The file data/precipitation.csv contains monthly precipitation data for South-East England between 1916 and 2016 provided by the Met Office. Each row represents a year, and each column a month. To open the data file, use the command below:
import numpy as np
data = np.loadtxt(fname='data/precipitation.csv', delimiter=',')
Open the data file, and print its content. Observe that it is a multi-dimensional Numpy array. Print its shape. How many years are represented ?
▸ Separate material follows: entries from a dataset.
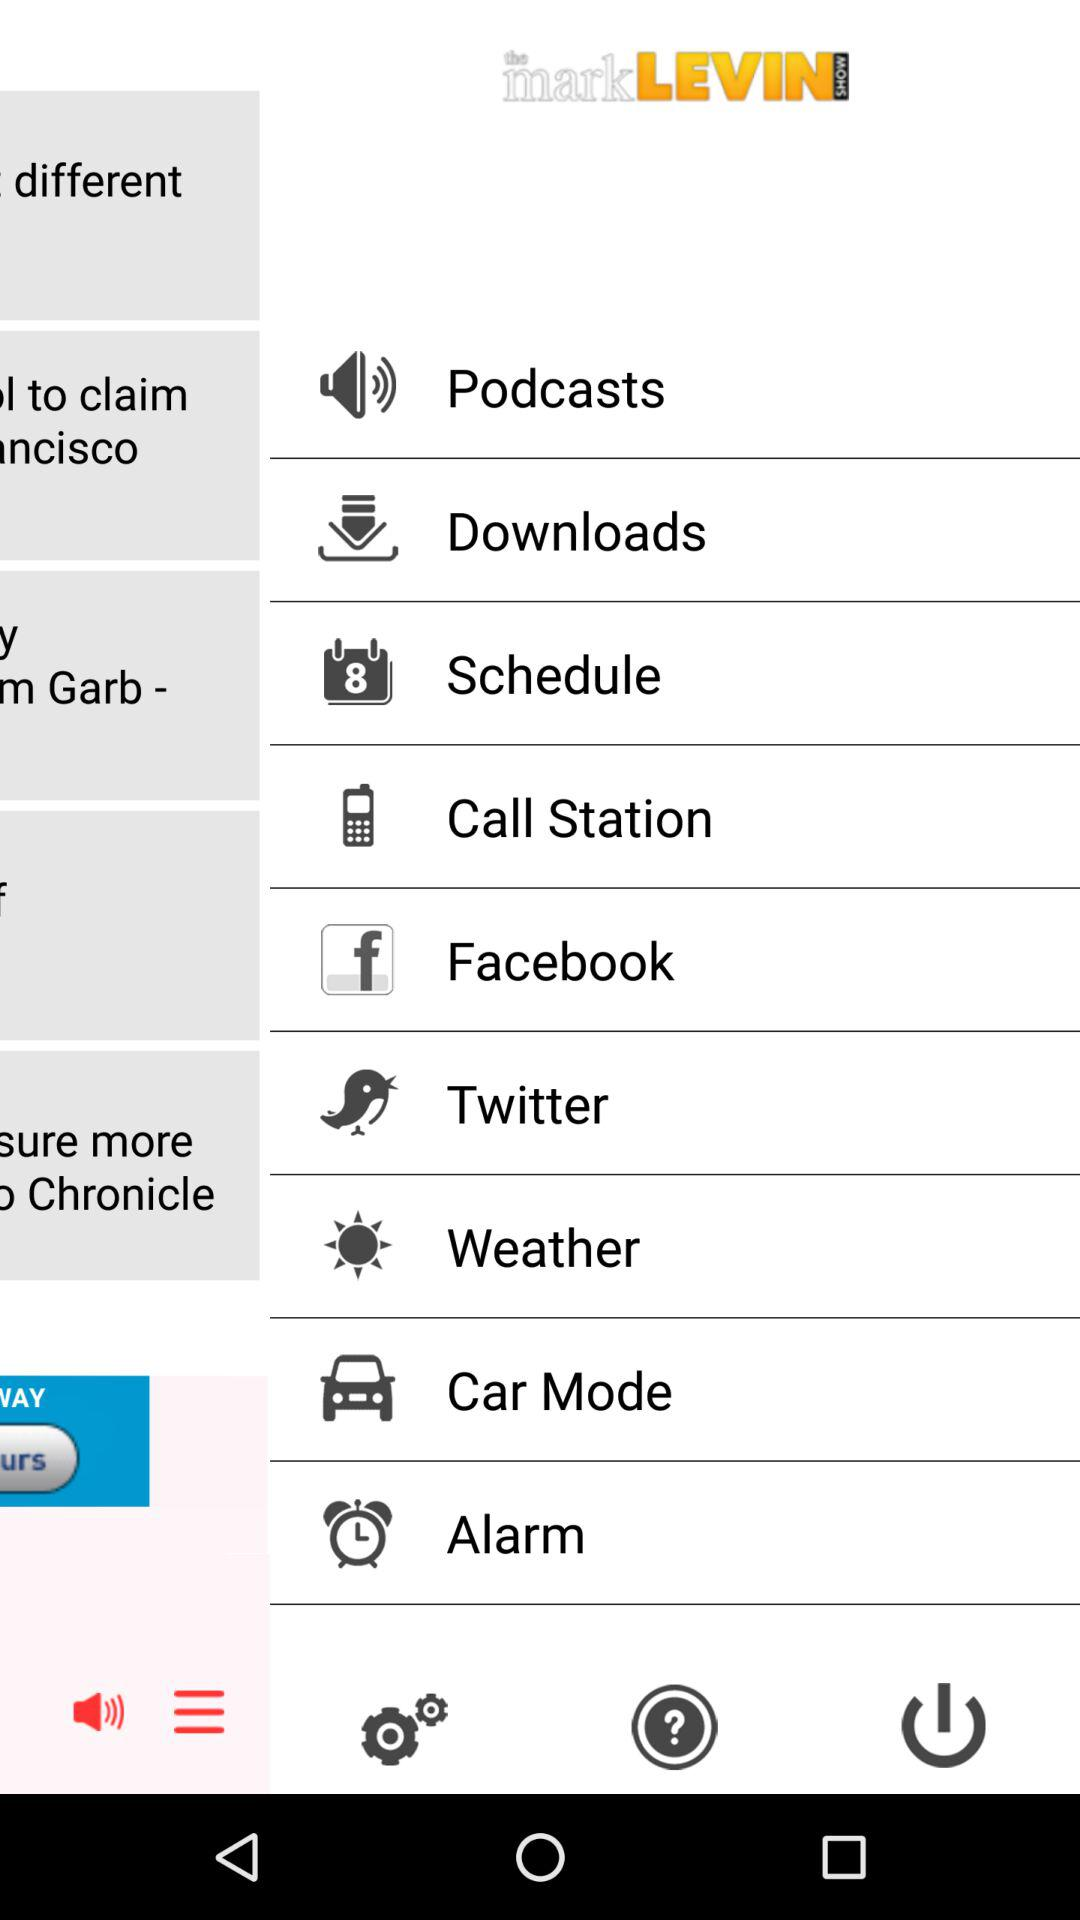What is the application name? The application name is "the markLEVIN SHOW". 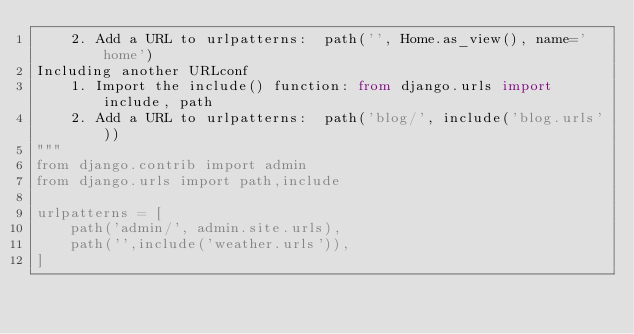<code> <loc_0><loc_0><loc_500><loc_500><_Python_>    2. Add a URL to urlpatterns:  path('', Home.as_view(), name='home')
Including another URLconf
    1. Import the include() function: from django.urls import include, path
    2. Add a URL to urlpatterns:  path('blog/', include('blog.urls'))
"""
from django.contrib import admin
from django.urls import path,include

urlpatterns = [
    path('admin/', admin.site.urls),
    path('',include('weather.urls')),
]
</code> 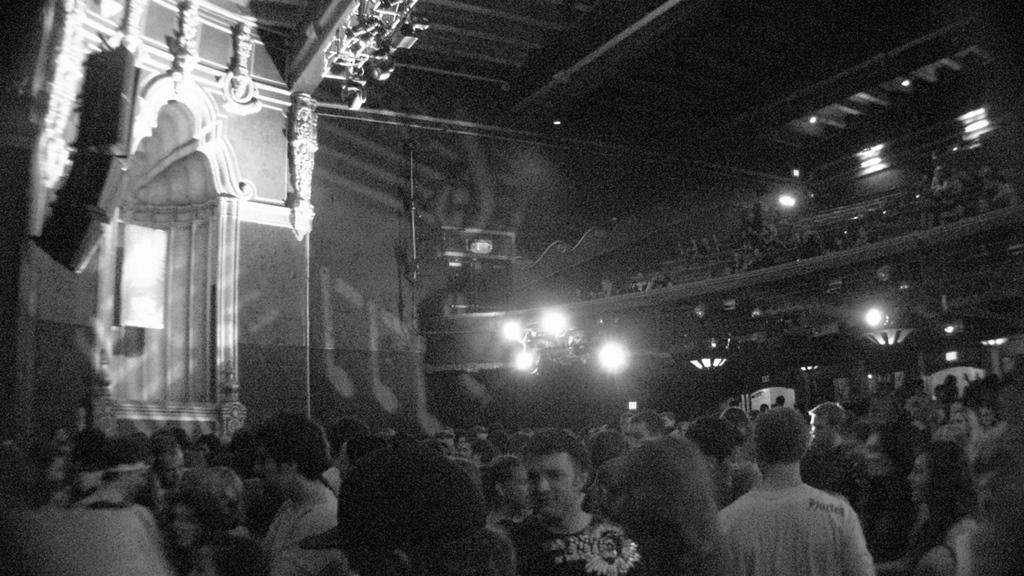Where are the people located in the image? There are people at the bottom side of the image. How many people can be seen in the image? There are other people in the image besides the ones at the bottom side. What can be seen in the background of the image? There is a roof and an arch in the background of the image. What is the source of light in the image? There is light visible in the image, possibly coming from spotlights at the top side of the image. What type of jam is being used to control the minds of the people in the image? There is no jam or mind control present in the image; it features people, a roof, an arch, and light.

Write a function that converts a length in mm into a length in inches. Use this function to convert the precipitation data into inches in a vectorized way.
With a for
loop, print (in a formatted way) for each month, the year where the monthly precipitation was the highest. A line like:
The maximal precipitation for January is 181.9 mm/month and was reached in 2014.
is expected.
Hint: you should use the max and argmax functions provided by Numpy.